Reuters has reported calls by Labour politicians for another increase in the windfall tax, linked to Shell’s latest global profits announcements.
Offshore Energies UK, the trade body for the UK’s offshore energy industries and supply chain companies, said calls by politicians to impose UK windfall taxes on companies’ global profits risked misleading voters and consumers. This is because any such levy would breach global tax agreements and so could never be implemented.
Mike Tholen, OEUK’s director of sustainability, said it was wrong to offer such false hopes: “These calls for extra windfall taxes on profits made outside the UK make no sense and could never be implemented. The UK is subject to global tax agreements which say that it cannot tax profits made by companies outside of the UK.
“Multinationals like Shell and BP are not single companies but groups – with multiple subsidiaries.

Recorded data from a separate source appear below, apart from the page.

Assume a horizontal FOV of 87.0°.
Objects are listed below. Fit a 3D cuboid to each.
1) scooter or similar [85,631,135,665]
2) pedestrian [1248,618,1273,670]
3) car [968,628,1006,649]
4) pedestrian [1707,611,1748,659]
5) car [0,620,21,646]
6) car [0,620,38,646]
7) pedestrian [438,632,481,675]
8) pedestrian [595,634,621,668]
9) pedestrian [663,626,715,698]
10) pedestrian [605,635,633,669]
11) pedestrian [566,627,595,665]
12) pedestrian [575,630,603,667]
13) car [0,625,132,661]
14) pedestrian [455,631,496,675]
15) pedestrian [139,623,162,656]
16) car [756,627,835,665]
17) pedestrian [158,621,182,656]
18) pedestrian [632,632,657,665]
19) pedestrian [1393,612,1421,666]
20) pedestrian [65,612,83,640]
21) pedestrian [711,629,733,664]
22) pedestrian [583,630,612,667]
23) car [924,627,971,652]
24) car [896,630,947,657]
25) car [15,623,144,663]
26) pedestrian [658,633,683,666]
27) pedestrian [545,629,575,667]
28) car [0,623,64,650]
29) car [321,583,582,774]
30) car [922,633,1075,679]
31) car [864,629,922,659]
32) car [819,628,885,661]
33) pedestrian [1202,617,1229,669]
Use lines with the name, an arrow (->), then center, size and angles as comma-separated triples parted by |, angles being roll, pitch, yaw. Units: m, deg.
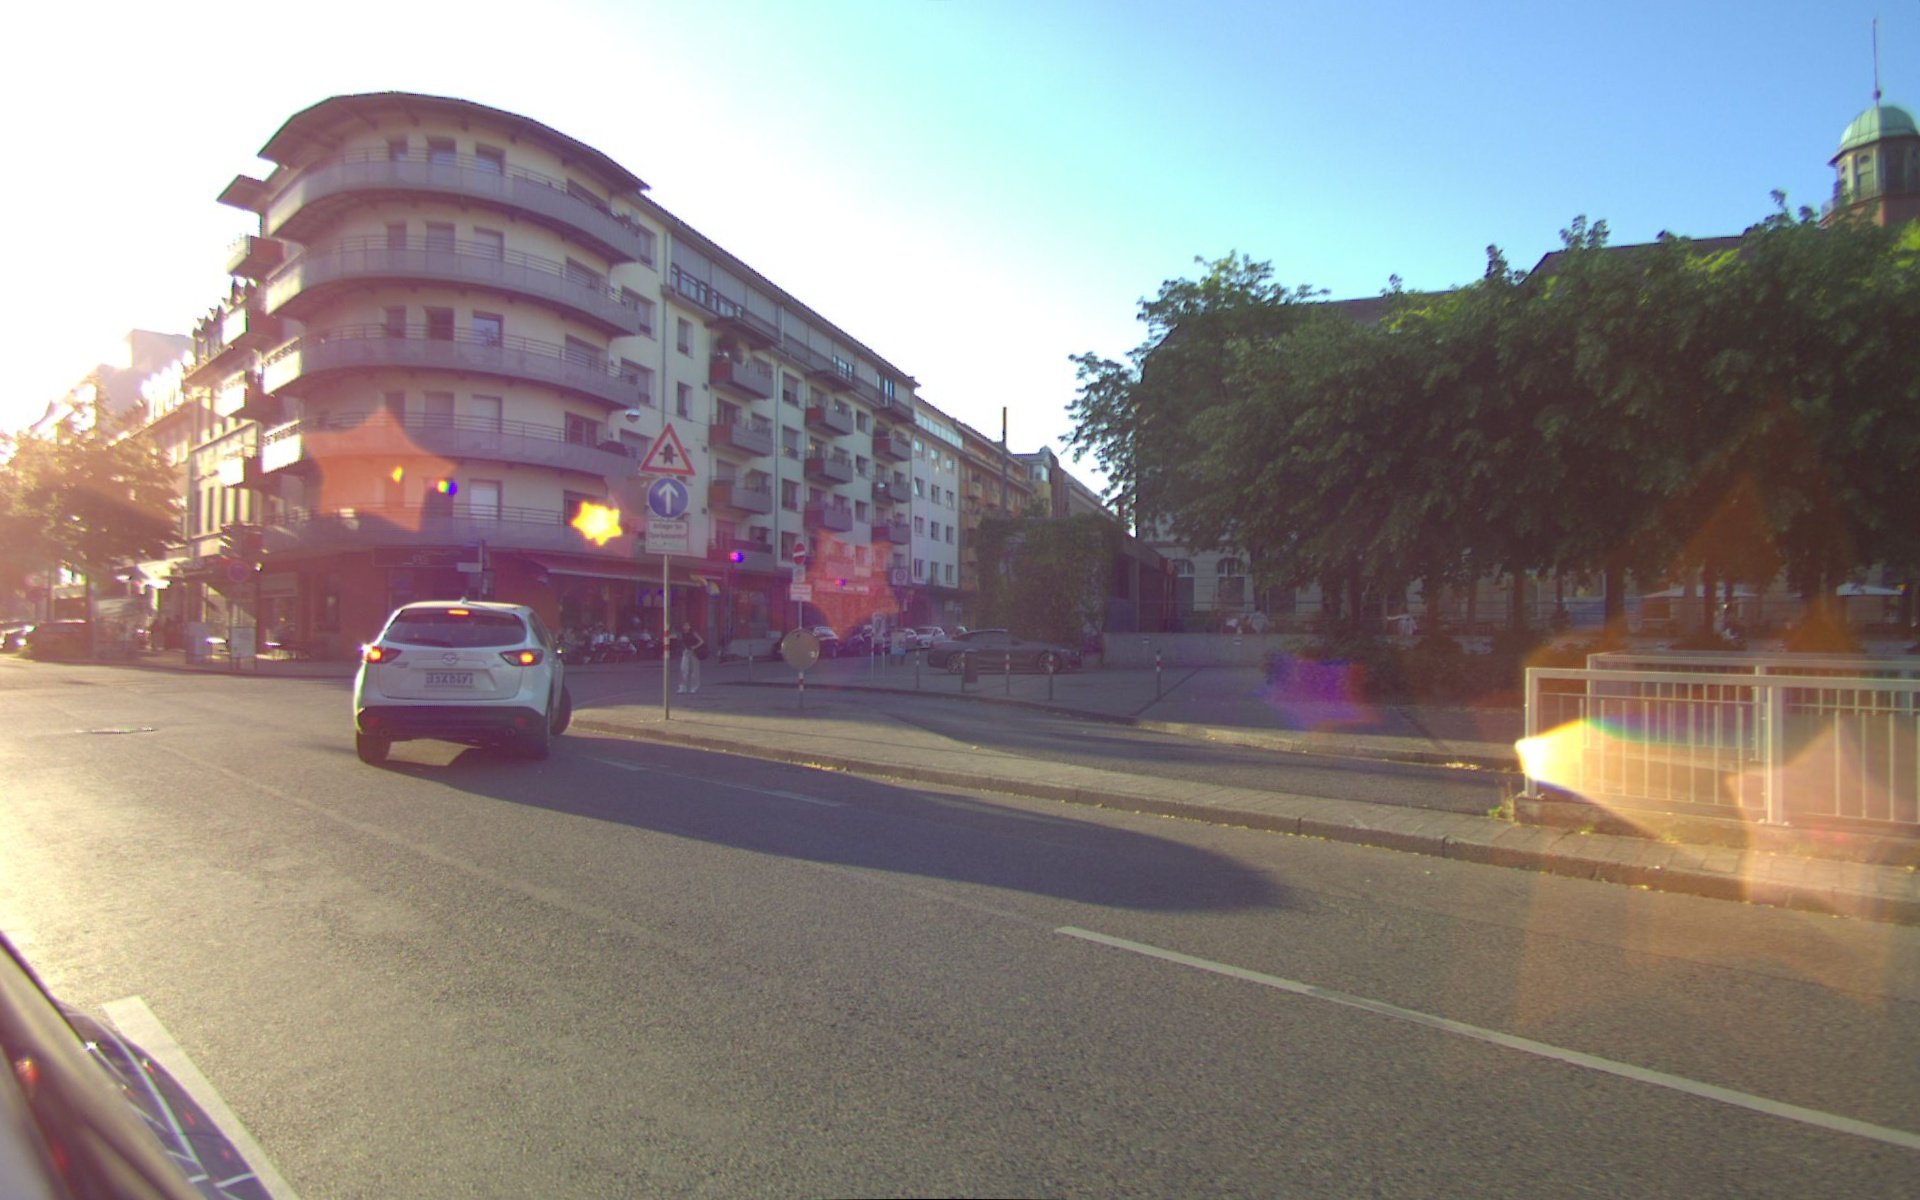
scooter or similar -> -32.308, 1.820, 38.487 | 0.525, 1.235, 1.384 | -1, -1, 38
pedestrian -> 9.493, 1.375, 31.951 | 0.696, 1.598, 0.618 | 1, -1, 18
car -> 2.129, 2.946, 78.478 | 1.954, 1.608, 3.976 | 0, -2, 18
pedestrian -> 21.384, 0.969, 28.208 | 0.648, 1.289, 0.787 | 1, -1, 16
car -> -57.229, 1.934, 58.939 | 1.714, 1.513, 3.520 | -1, -1, 40
car -> -62.260, 2.141, 64.990 | 1.888, 1.608, 4.361 | -2, -1, 40
pedestrian -> -15.305, 1.625, 30.934 | 0.765, 1.251, 0.890 | 1, -1, 33
pedestrian -> -13.383, 1.929, 38.495 | 0.698, 1.234, 0.616 | 1, -1, 28
pedestrian -> -6.036, 1.371, 22.553 | 0.761, 1.579, 0.895 | -1, -2, 16
pedestrian -> -12.591, 1.918, 37.372 | 0.698, 1.234, 0.616 | 1, -1, 28
pedestrian -> -13.199, 1.596, 35.223 | 0.699, 1.297, 0.615 | 1, -1, 32
pedestrian -> -13.524, 1.761, 36.858 | 0.699, 1.343, 0.615 | 1, -1, 32
car -> -39.916, 1.868, 45.043 | 1.820, 1.418, 4.524 | -1, -1, 40
pedestrian -> -14.705, 1.590, 30.694 | 0.746, 1.283, 0.820 | 1, -1, 33
pedestrian -> -38.480, 1.866, 48.118 | 0.875, 1.539, 0.726 | 0, 0, 42
car -> -7.483, 2.070, 46.400 | 1.954, 1.608, 3.976 | 0, -2, 18
pedestrian -> -37.989, 1.829, 48.639 | 0.875, 1.620, 0.764 | 0, 0, 42
pedestrian -> -12.599, 1.923, 40.444 | 0.696, 1.297, 0.617 | 1, -1, 20
pedestrian -> 13.482, 1.163, 30.548 | 0.648, 1.598, 0.787 | 1, -1, 16
pedestrian -> -55.712, 1.637, 63.607 | 0.875, 1.734, 0.764 | 0, 0, 42
pedestrian -> -10.141, 1.966, 43.100 | 0.616, 1.480, 0.698 | 1, -1, 15
pedestrian -> -12.880, 1.720, 35.977 | 0.699, 1.297, 0.615 | 1, -1, 32
car -> -0.808, 2.652, 68.217 | 1.954, 1.608, 3.976 | 0, -2, 18
car -> -2.405, 2.733, 64.015 | 1.954, 1.608, 3.976 | 0, -2, 18
car -> -37.912, 1.823, 43.640 | 1.883, 1.548, 4.030 | -1, -1, 41
pedestrian -> -11.574, 1.967, 40.414 | 0.696, 1.297, 0.617 | 1, -1, 20
pedestrian -> -13.616, 1.621, 34.449 | 0.699, 1.256, 0.615 | 1, -1, 32
car -> -53.364, 2.084, 57.310 | 1.804, 1.455, 3.702 | -1, -1, 39
car -> -5.637, 0.829, 11.845 | 1.966, 1.774, 4.479 | 3, -2, -17
car -> 1.230, 1.689, 31.040 | 4.480, 1.328, 1.993 | 0, -2, 11
car -> -3.760, 2.483, 57.663 | 1.954, 1.608, 3.976 | 0, -2, 18
car -> -5.530, 2.280, 52.337 | 1.954, 1.608, 3.976 | 0, -2, 18
pedestrian -> 8.184, 1.372, 32.361 | 0.764, 1.598, 0.686 | 1, -1, 18

Subsidiaries based in other countries will pay taxes – but in those countries. The UK cannot then impose a second tax just because the group has its headquarters in the UK. If we did, they would all leave.
“We already have a 75% windfall tax on profits made in the UK. It would also be invidious for the UK to tax profits made in other countries too. The taxes on those revenues belong to the countries where they were generated. It would be wrong for another country’s revenues to be effectively seized by the UK.
“Our leading politicians in all parties know very well how global tax law works and we would call on them to avoid these misrepresentations.”
Notes to Editors:
GUIDANCE FOR JOURNALISTS, NEWS EDITORS AND SUB-EDITORS
These notes aim to address a common confusion regarding the relationship between global profits and UK taxation.
This confusion arises from the assumption that profits from global operations are subject to UK taxes.
This has led some journalists (and policymakers) to suggest that UK taxes like the Energy Profits Levy (or windfall tax) are applicable to the global profits announced by companies based or operating in the UK.
This assumption is incorrect. Here’s why:
- Most multinationals are not single companies but groups – with multiple subsidiaries
- Some of those subsidiaries will be generating their profit outside of the UK.
- Subsidiaries based in other countries will pay taxes – but in those countries, not the UK.
- All companies produce audited annual accounts for the group as a whole and for each subsidiary.
- Group level accounts cover overall profits (or losses) from all countries where a given business is operating.
- Some companies also publish quarterly unaudited accounts. This is obligatory if they are US-listed.
- Global tax agreements mean companies cannot be taxed twice on the same income in different countries.
- They also say profits cannot be diverted from eg the UK to low-tax paying regions.
- For oil and gas producers this means the relevant UK taxes (Corporation Tax, Supplementary Charge and the EPL) apply only to profits made on oil and gas extracted in UK waters.
- The combined rate of these taxes is 75% – the highest rate for any UK sector.
- These UK taxes will apply to profit earned by foreign-owned companies operating in UK waters.
- They will not apply to profit earned by subsidiaries of UK companies operating overseas.
- It is inaccurate to suggest that UK taxes are applicable to global profits.
- The UK Treasury can only tax a company’s profit made from its UK operations.
- It cannot tax revenues generated in other countries – because they have already been taxed in those countries.
- For larger (global) oil and gas producers, UK operations will typically be just a fraction of their overall portfolio.